The community growth of eBPF projects, including Cilium and bcc, skyrocketed after DockerCon. All major companies started to adopt eBPF, and many new eBPF-based projects started to appear in the following years.
Google Bets on Cilium & eBPF
A big milestone for Cilium and eBPF was when Google announced using Cilium as the networking layer for Google Kubernetes Engine (GKE).
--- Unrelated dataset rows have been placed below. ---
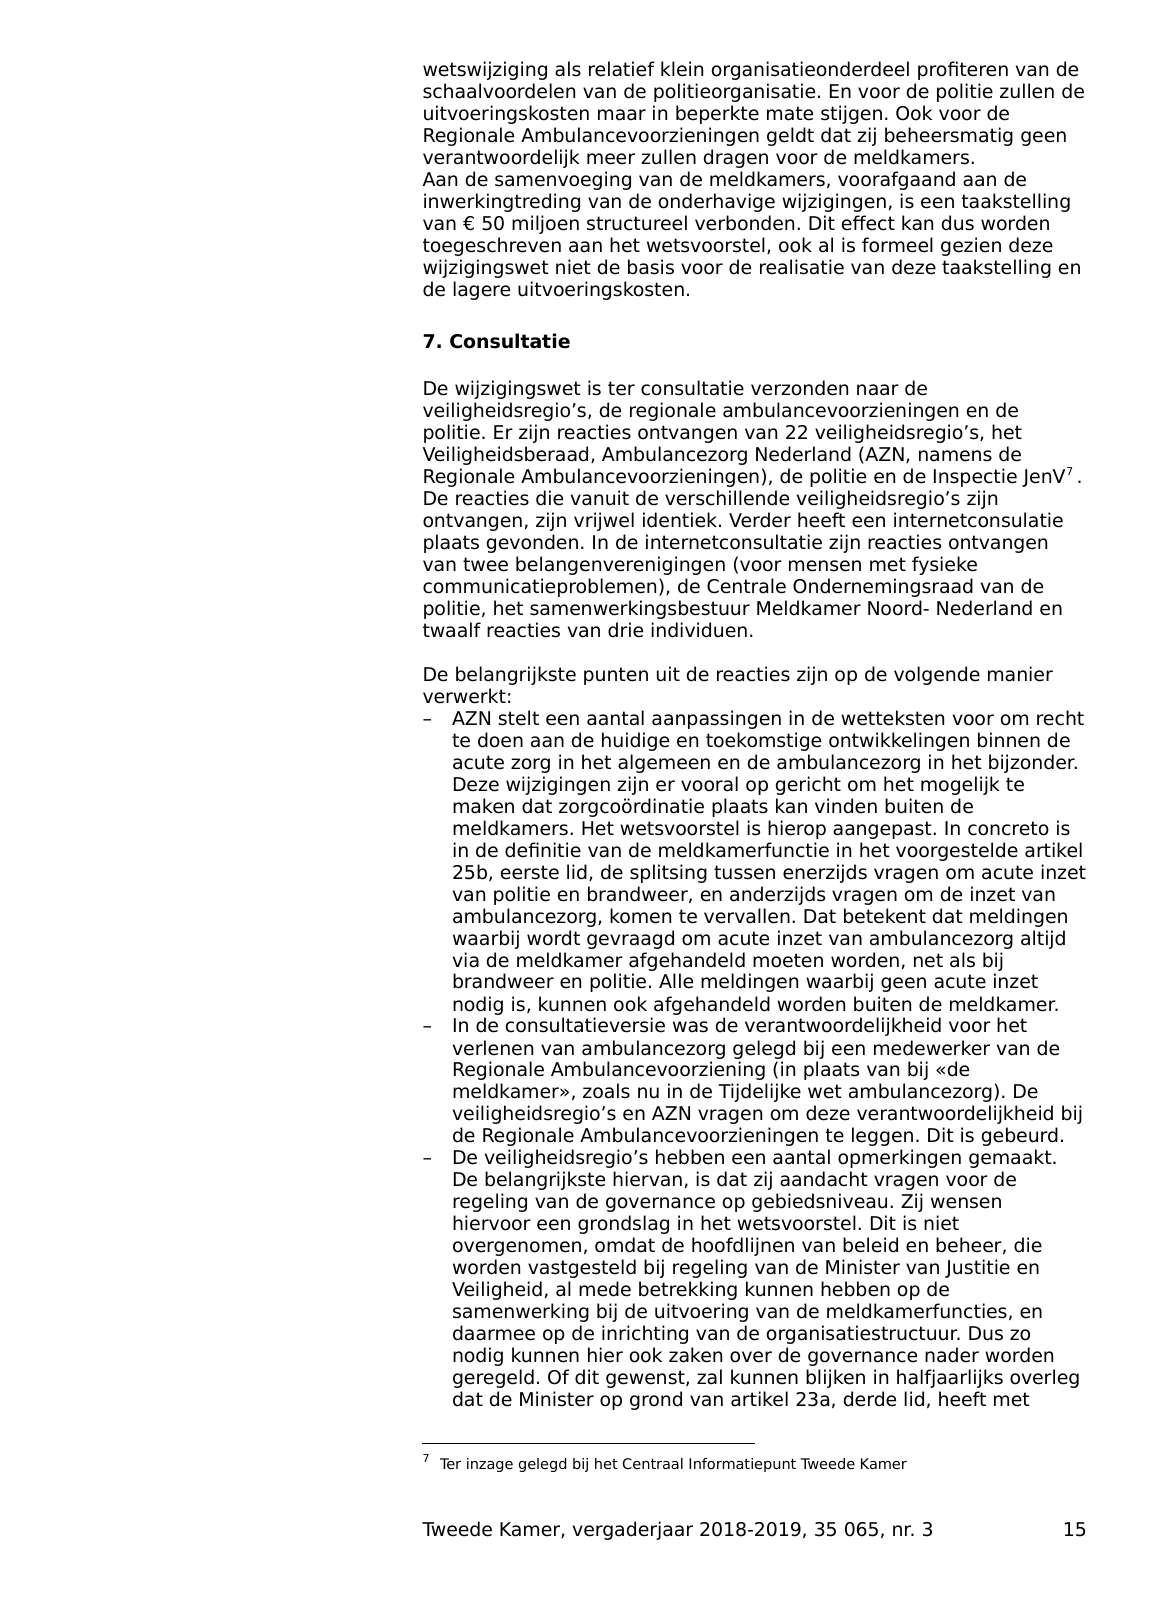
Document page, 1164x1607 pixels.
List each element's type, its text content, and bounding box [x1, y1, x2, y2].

text De belangrijkste punten uit de reacties zijn op de volgende manier verwerkt: [422, 664, 1087, 708]
text De wijzigingswet is ter consultatie verzonden naar de veiligheidsregio’s, de regionale ambulancevoorzieningen en de politie. Er zijn reacties ontvangen van 22 veiligheidsregio’s, het Veiligheidsberaad, Ambulancezorg Nederland (AZN, namens de Regionale Ambulancevoorzieningen), de politie en de Inspectie JenV. De reacties die vanuit de verschillende veiligheidsregio’s zijn ontvangen, zijn vrijwel identiek. Verder heeft een internetconsulatie plaats gevonden. In de internetconsultatie zijn reacties ontvangen van twee belangenverenigingen (voor mensen met fysieke communicatieproblemen), de Centrale Ondernemingsraad van de politie, het samenwerkingsbestuur Meldkamer Noord- Nederland en twaalf reacties van drie individuen. [422, 378, 1087, 642]
subtitle 7. Consultatie [422, 331, 1087, 353]
text – AZN stelt een aantal aanpassingen in de wetteksten voor om recht te doen aan de huidige en toekomstige ontwikkelingen binnen de acute zorg in het algemeen en de ambulancezorg in het bijzonder. Deze wijzigingen zijn er vooral op gericht om het mogelijk te maken dat zorgcoördinatie plaats kan vinden buiten de meldkamers. Het wetsvoorstel is hierop aangepast. In concreto is in de definitie van de meldkamerfunctie in het voorgestelde artikel 25b, eerste lid, de splitsing tussen enerzijds vragen om acute inzet van politie en brandweer, en anderzijds vragen om de inzet van ambulancezorg, komen te vervallen. Dat betekent dat meldingen waarbij wordt gevraagd om acute inzet van ambulancezorg altijd via de meldkamer afgehandeld moeten worden, net als bij brandweer en politie. Alle meldingen waarbij geen acute inzet nodig is, kunnen ook afgehandeld worden buiten de meldkamer. [422, 708, 1087, 1015]
text Aan de samenvoeging van de meldkamers, voorafgaand aan de inwerkingtreding van de onderhavige wijzigingen, is een taakstelling van € 50 miljoen structureel verbonden. Dit effect kan dus worden toegeschreven aan het wetsvoorstel, ook al is formeel gezien deze wijzigingswet niet de basis voor de realisatie van deze taakstelling en de lagere uitvoeringskosten. [422, 169, 1087, 301]
text – In de consultatieversie was de verantwoordelijkheid voor het verlenen van ambulancezorg gelegd bij een medewerker van de Regionale Ambulancevoorziening (in plaats van bij «de meldkamer», zoals nu in de Tijdelijke wet ambulancezorg). De veiligheidsregio’s en AZN vragen om deze verantwoordelijkheid bij de Regionale Ambulancevoorzieningen te leggen. Dit is gebeurd. [422, 1015, 1087, 1147]
text wetswijziging als relatief klein organisatieonderdeel profiteren van de schaalvoordelen van de politieorganisatie. En voor de politie zullen de uitvoeringskosten maar in beperkte mate stijgen. Ook voor de Regionale Ambulancevoorzieningen geldt dat zij beheersmatig geen verantwoordelijk meer zullen dragen voor de meldkamers. [422, 59, 1087, 169]
text – De veiligheidsregio’s hebben een aantal opmerkingen gemaakt. De belangrijkste hiervan, is dat zij aandacht vragen voor de regeling van de governance op gebiedsniveau. Zij wensen hiervoor een grondslag in het wetsvoorstel. Dit is niet overgenomen, omdat de hoofdlijnen van beleid en beheer, die worden vastgesteld bij regeling van de Minister van Justitie en Veiligheid, al mede betrekking kunnen hebben op de samenwerking bij de uitvoering van de meldkamerfuncties, en daarmee op de inrichting van de organisatiestructuur. Dus zo nodig kunnen hier ook zaken over de governance nader worden geregeld. Of dit gewenst, zal kunnen blijken in halfjaarlijks overleg dat de Minister op grond van artikel 23a, derde lid, heeft met [422, 1147, 1087, 1411]
text Ter inzage gelegd bij het Centraal Informatiepunt Tweede Kamer [422, 1452, 1087, 1474]

The creator of Kubernetes selecting eBPF as the best underlying technology to provide networking for their own managed Kubernetes platform was a strong statement regarding the maturity of eBPF and Cilium.
Today, we’re introducing GKE Dataplane V2, an opinionated dataplane that harnesses the power of eBPF and Cilium, an open source project that makes the Linux kernel Kubernetes-aware using eBPF. Now in beta, we’re also using Dataplane V2 to bring Kubernetes Network Policy logging to Google Kubernetes Engine (GKE). (source)
eBPF for Security
eBPF had entered tracing and networking successfully; the next stop was security. Today, every major security vendor uses eBPF in some form, but one of the earliest users was LSM BPF to remove the security performance-overhead tax. BPF LSM defines attachment points to allow security modules (eBPF programs with type LSM) to provide their own implementation of the desired LSM hooks. It provides a security language that allows eBPF programs to detect and react to intrusion signals instead of changing kernel source code.
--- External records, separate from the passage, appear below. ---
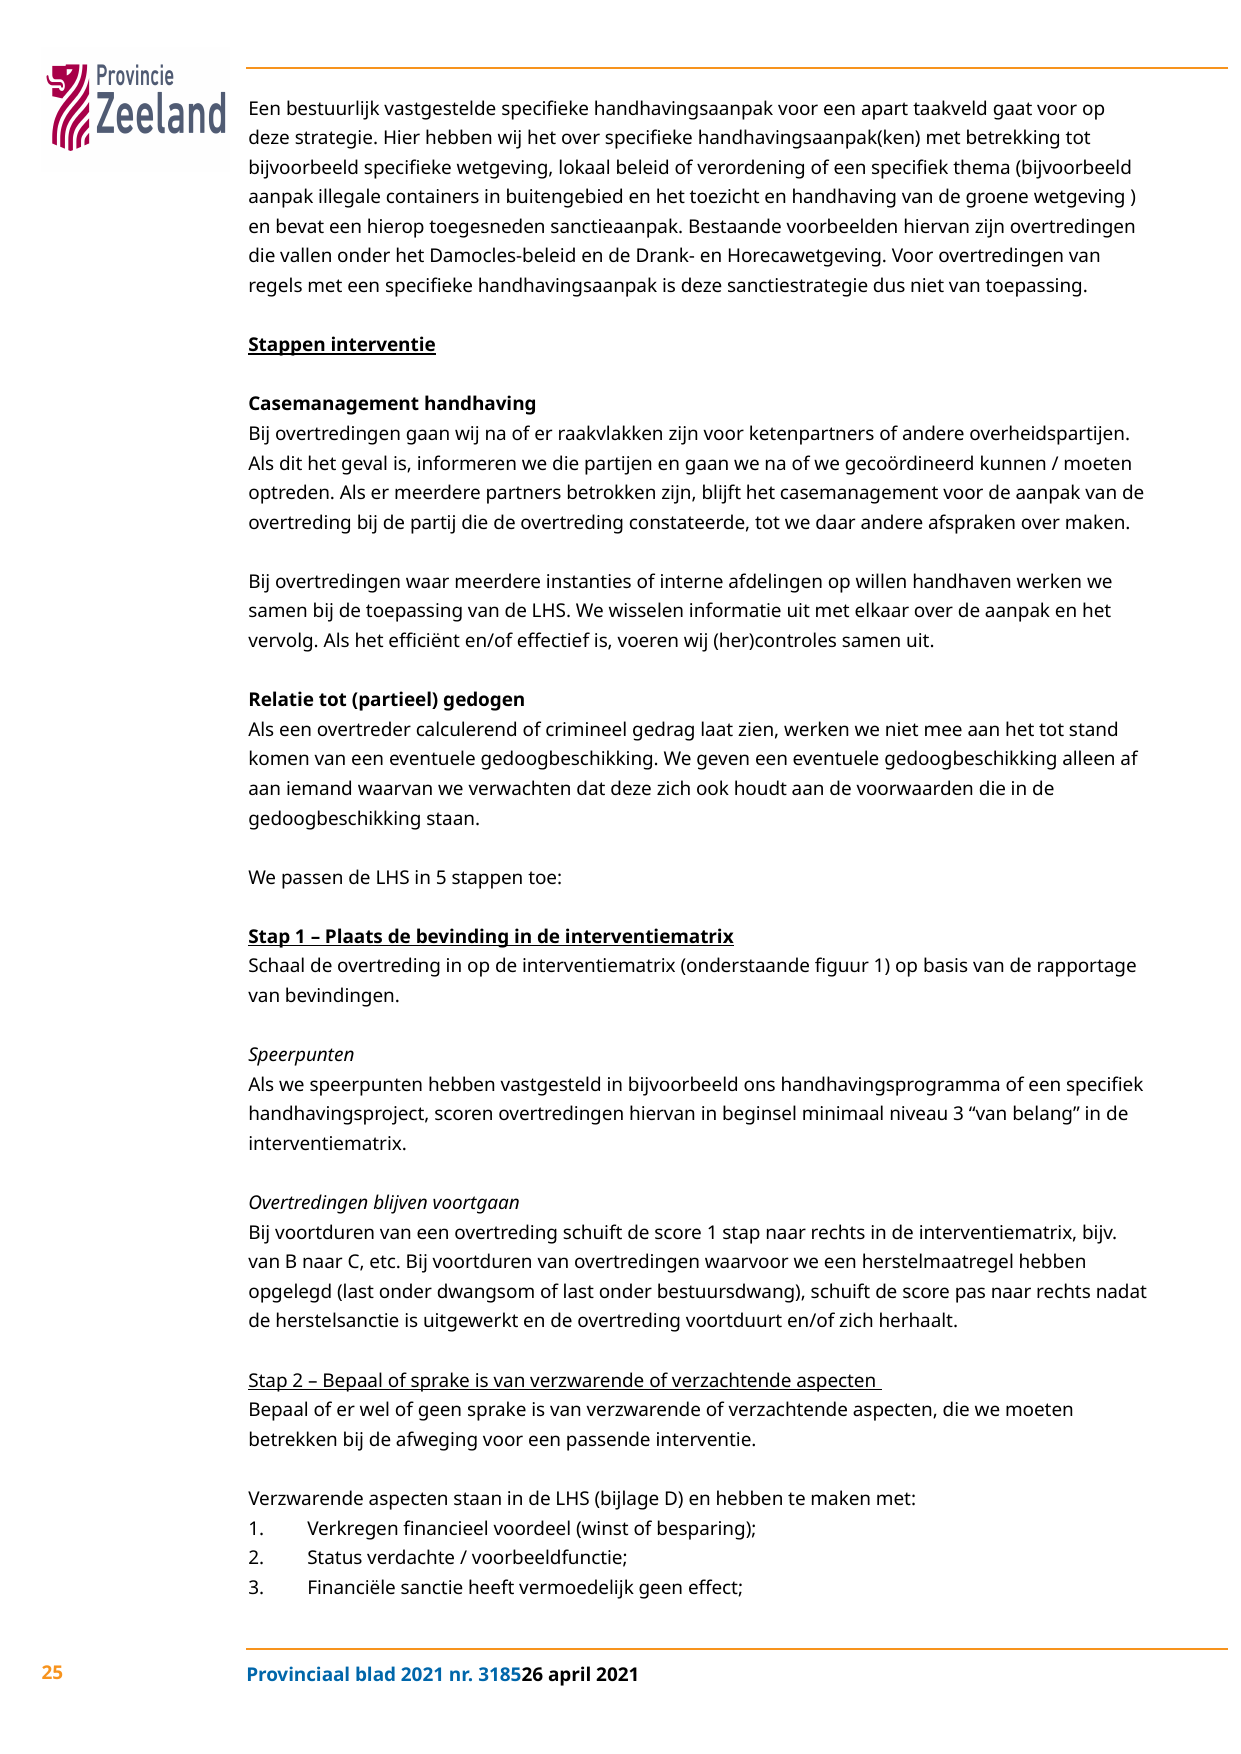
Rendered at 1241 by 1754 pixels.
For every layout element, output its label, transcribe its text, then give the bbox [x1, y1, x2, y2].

text Als we speerpunten hebben vastgesteld in bijvoorbeeld ons handhavingsprogramma of een specifiek handhavingsproject, scoren overtredingen hiervan in beginsel minimaal niveau 3 “van belang” in de interventiematrix. [248, 1071, 1152, 1156]
text Als een overtreder calculerend of crimineel gedrag laat zien, werken we niet mee aan het tot stand komen van een eventuele gedoogbeschikking. We geven een eventuele gedoogbeschikking alleen af aan iemand waarvan we verwachten dat deze zich ook houdt aan de voorwaarden die in de gedoogbeschikking staan. [248, 716, 1152, 831]
text Bij voortduren van een overtreding schuift de score 1 stap naar rechts in de interventiematrix, bijv. van B naar C, etc. Bij voortduren van overtredingen waarvoor we een herstelmaatregel hebben opgelegd (last onder dwangsom of last onder bestuursdwang), schuift de score pas naar rechts nadat de herstelsanctie is uitgewerkt en de overtreding voortduurt en/of zich herhaalt. [248, 1219, 1152, 1333]
text Stap 1 – Plaats de bevinding in de interventiematrix [248, 923, 1152, 949]
text Verzwarende aspecten staan in de LHS (bijlage D) en hebben te maken met: [248, 1485, 1152, 1511]
list Financiële sanctie heeft vermoedelijk geen effect; [248, 1574, 1152, 1600]
text Bepaal of er wel of geen sprake is van verzwarende of verzachtende aspecten, die we moeten betrekken bij de afweging voor een passende interventie. [248, 1396, 1152, 1452]
text Een bestuurlijk vastgestelde specifieke handhavingsaanpak voor een apart taakveld gaat voor op deze strategie. Hier hebben wij het over specifieke handhavingsaanpak(ken) met betrekking tot bijvoorbeeld specifieke wetgeving, lokaal beleid of verordening of een specifiek thema (bijvoorbeeld aanpak illegale containers in buitengebied en het toezicht en handhaving van de groene wetgeving ) en bevat een hierop toegesneden sanctieaanpak. Bestaande voorbeelden hiervan zijn overtredingen die vallen onder het Damocles-beleid en de Drank- en Horecawetgeving. Voor overtredingen van regels met een specifieke handhavingsaanpak is deze sanctiestrategie dus niet van toepassing. [248, 95, 1152, 298]
text Relatie tot (partieel) gedogen [248, 686, 1152, 712]
text Overtredingen blijven voortgaan [248, 1189, 1152, 1215]
picture [41, 47, 231, 172]
text We passen de LHS in 5 stappen toe: [248, 864, 1152, 890]
text Bij overtredingen gaan wij na of er raakvlakken zijn voor ketenpartners of andere overheidspartijen. Als dit het geval is, informeren we die partijen en gaan we na of we gecoördineerd kunnen / moeten optreden. Als er meerdere partners betrokken zijn, blijft het casemanagement voor de aanpak van de overtreding bij de partij die de overtreding constateerde, tot we daar andere afspraken over maken. [248, 420, 1152, 535]
text Stappen interventie [248, 331, 1152, 357]
text Casemanagement handhaving [248, 391, 1152, 416]
list Status verdachte / voorbeeldfunctie; [248, 1544, 1152, 1570]
text Stap 2 – Bepaal of sprake is van verzwarende of verzachtende aspecten [248, 1367, 1152, 1393]
text Bij overtredingen waar meerdere instanties of interne afdelingen op willen handhaven werken we samen bij de toepassing van de LHS. We wisselen informatie uit met elkaar over de aanpak en het vervolg. Als het efficiënt en/of effectief is, voeren wij (her)controles samen uit. [248, 568, 1152, 653]
list Verkregen financieel voordeel (winst of besparing); [248, 1515, 1152, 1541]
text Speerpunten [248, 1041, 1152, 1067]
text Schaal de overtreding in op de interventiematrix (onderstaande figuur 1) op basis van de rapportage van bevindingen. [248, 953, 1152, 1008]

BPF LSM was a great step forward for security as it removed performance overhead that was assumed to be a necessary evil of improving security. It was designed as a low-level kernel interface, though, and required users to write eBPF programs directly. As a result, several new security projects appeared focusing on bringing eBPF to end-users in an approachable way, one of them being Tetragon.
Tetragon’s design goal was similar to BPF LSM in not requiring to pay the “security performance tax” and ensuring not to be vulnerable to TOCTOU attacks. In addition, it focuses specifically on being Kubernetes-native and solving runtime security use cases for containers and cloud native Kubernetes environments.
eBPF on Windows
Until then, eBPF’s evolution was limited to Linux until Dave Thaler decided to change this and start the project to port eBPF to Windows and implement an initial partial port of Cilium on Windows. Dave realized that Microsoft had different groups to work on identical infrastructure projects for both Windows and Linux. eBPF would eventually allow the consolidation of this work and get to a standardized language to write operating system-level infrastructure code.
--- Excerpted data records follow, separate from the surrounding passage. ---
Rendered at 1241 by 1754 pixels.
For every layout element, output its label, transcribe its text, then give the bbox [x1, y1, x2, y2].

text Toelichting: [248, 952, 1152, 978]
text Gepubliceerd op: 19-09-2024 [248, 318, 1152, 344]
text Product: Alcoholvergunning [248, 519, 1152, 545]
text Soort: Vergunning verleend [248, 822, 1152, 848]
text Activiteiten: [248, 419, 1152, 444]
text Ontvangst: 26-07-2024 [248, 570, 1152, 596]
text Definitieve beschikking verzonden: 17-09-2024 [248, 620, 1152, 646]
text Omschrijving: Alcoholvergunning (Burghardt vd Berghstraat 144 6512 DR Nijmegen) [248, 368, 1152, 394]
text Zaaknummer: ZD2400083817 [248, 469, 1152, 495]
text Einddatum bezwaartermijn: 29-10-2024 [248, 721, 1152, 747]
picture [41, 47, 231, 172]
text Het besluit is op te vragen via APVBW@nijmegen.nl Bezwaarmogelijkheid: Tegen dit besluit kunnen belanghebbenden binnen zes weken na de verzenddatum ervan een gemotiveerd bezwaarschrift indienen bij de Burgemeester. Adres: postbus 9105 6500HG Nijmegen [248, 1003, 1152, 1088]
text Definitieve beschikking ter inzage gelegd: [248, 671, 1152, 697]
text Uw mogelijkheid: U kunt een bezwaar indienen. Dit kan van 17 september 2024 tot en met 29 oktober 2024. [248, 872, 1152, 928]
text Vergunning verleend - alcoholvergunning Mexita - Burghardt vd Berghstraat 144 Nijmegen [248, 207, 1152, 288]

As part of this port, the work to standardize eBPF via the IETF will be crucial for the long-term success of eBPF in the industry across many operating systems.
To close this all out, I would like to leave you with quotes from the people who have been the most involved since the beginning. Overall, we have barely scratched the surface of what will become possible with eBPF.
I have used eBPF in meetings where in a meeting someone says: “I wish we were able to measure this”, and I said: “Hold on”, opened up my laptop, and said: “I’ve done it in production” before the meeting was over. “Here is your answer”. That’s the kind of super power we need.Brendan Gregg
Even though it has been ten years, it is just the beginning. What we saw in innovation going towards user space has now come back into the kernel.Daniel Borkmann
My passion is to innovate and enable others to innovate and eBPF fulfills this role in my life. If in the past the kernel could be programmed by 100 people in the world, now 100K people can program the kernel thanks to eBPF.Alexei Starovoitov
Today, eBPF is everywhere. We often don’t realize it. Every Android smartphone runs eBPF, new security products are based on eBPF, and it’s hard to see infrastructure software coming out today that is not using eBPF. I’m incredibly grateful to the eBPF and kernel community to have had the privilege of being part of the journey from the early days of collaborating with PLUMgrid to founding Isovalent.